* **Source records**
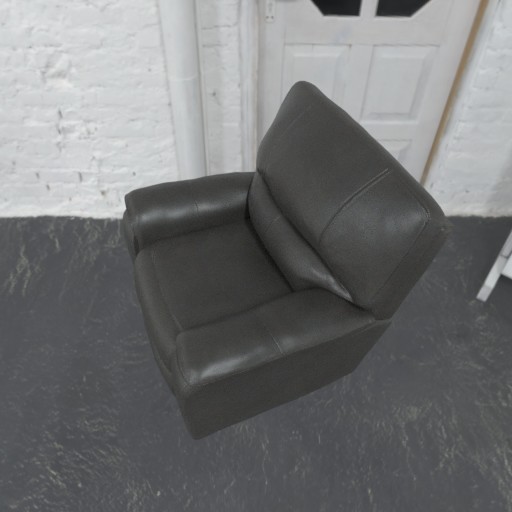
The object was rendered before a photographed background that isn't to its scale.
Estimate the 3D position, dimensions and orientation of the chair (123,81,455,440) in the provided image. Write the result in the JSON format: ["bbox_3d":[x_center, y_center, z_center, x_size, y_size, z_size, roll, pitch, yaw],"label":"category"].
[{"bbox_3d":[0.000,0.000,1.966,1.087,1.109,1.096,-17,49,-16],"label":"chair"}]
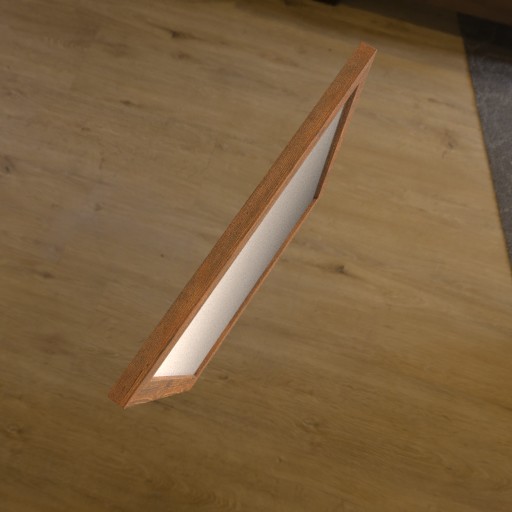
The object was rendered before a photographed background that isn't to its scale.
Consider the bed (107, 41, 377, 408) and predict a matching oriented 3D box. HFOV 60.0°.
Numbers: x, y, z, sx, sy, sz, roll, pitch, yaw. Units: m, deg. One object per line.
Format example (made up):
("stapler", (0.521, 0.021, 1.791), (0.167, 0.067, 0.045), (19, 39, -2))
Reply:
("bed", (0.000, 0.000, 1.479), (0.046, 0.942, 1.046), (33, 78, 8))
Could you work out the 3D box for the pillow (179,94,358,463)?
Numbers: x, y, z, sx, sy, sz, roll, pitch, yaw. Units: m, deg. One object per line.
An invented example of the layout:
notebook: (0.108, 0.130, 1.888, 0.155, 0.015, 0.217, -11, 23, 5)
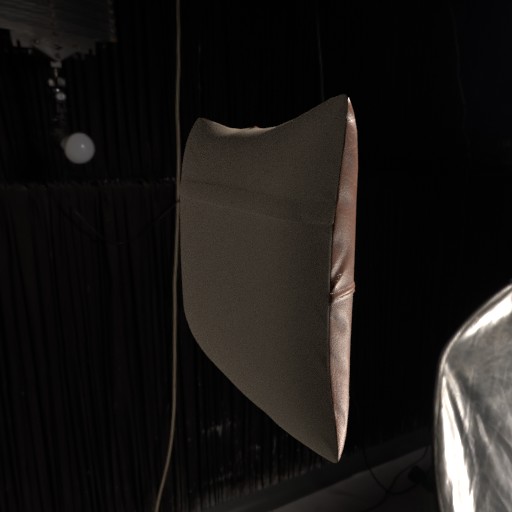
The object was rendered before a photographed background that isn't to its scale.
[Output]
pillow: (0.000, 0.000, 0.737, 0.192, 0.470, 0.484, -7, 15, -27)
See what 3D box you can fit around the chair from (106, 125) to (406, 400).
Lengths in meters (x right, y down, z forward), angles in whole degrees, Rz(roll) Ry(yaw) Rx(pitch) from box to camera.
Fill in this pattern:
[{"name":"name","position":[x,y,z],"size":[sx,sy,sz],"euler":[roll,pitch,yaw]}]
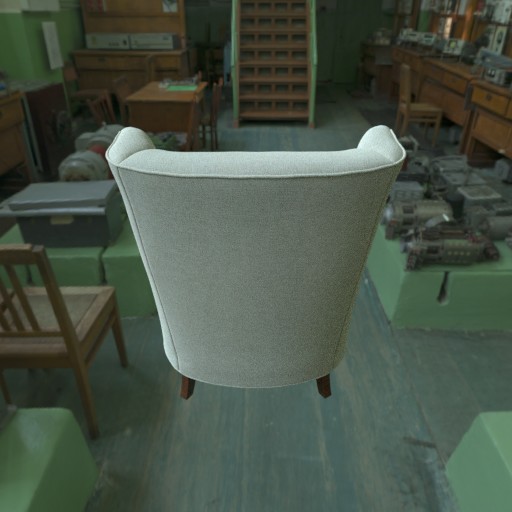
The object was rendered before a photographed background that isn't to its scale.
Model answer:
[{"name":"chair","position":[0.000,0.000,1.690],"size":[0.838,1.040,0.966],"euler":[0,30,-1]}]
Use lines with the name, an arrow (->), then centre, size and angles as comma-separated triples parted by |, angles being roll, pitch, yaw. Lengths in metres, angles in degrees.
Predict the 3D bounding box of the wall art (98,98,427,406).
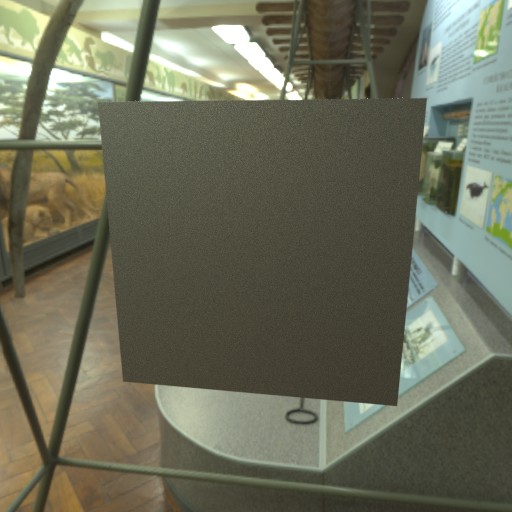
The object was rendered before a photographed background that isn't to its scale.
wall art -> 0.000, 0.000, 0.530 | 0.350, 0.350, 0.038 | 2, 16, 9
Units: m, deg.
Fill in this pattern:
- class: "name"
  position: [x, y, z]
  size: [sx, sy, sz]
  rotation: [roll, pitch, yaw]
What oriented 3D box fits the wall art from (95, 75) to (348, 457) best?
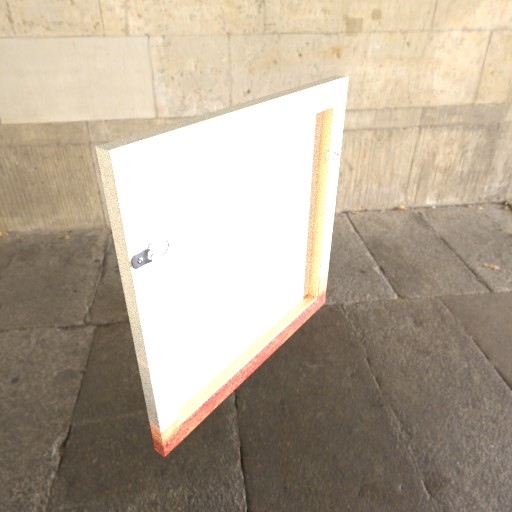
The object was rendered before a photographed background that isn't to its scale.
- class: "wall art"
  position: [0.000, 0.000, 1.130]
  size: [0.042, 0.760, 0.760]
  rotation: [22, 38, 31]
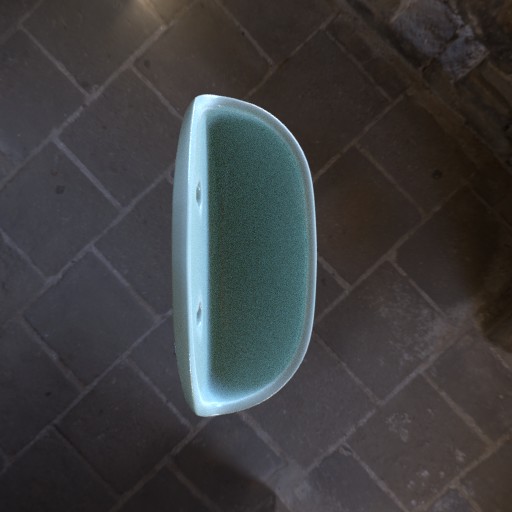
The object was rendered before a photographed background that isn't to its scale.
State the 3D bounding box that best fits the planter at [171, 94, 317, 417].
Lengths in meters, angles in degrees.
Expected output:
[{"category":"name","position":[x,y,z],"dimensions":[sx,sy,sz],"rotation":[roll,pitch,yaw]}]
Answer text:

* **WHAT IS REQUIRED**
Report only how many lines in the entries contain "Lengths".

* **TASK SOLUTION**
3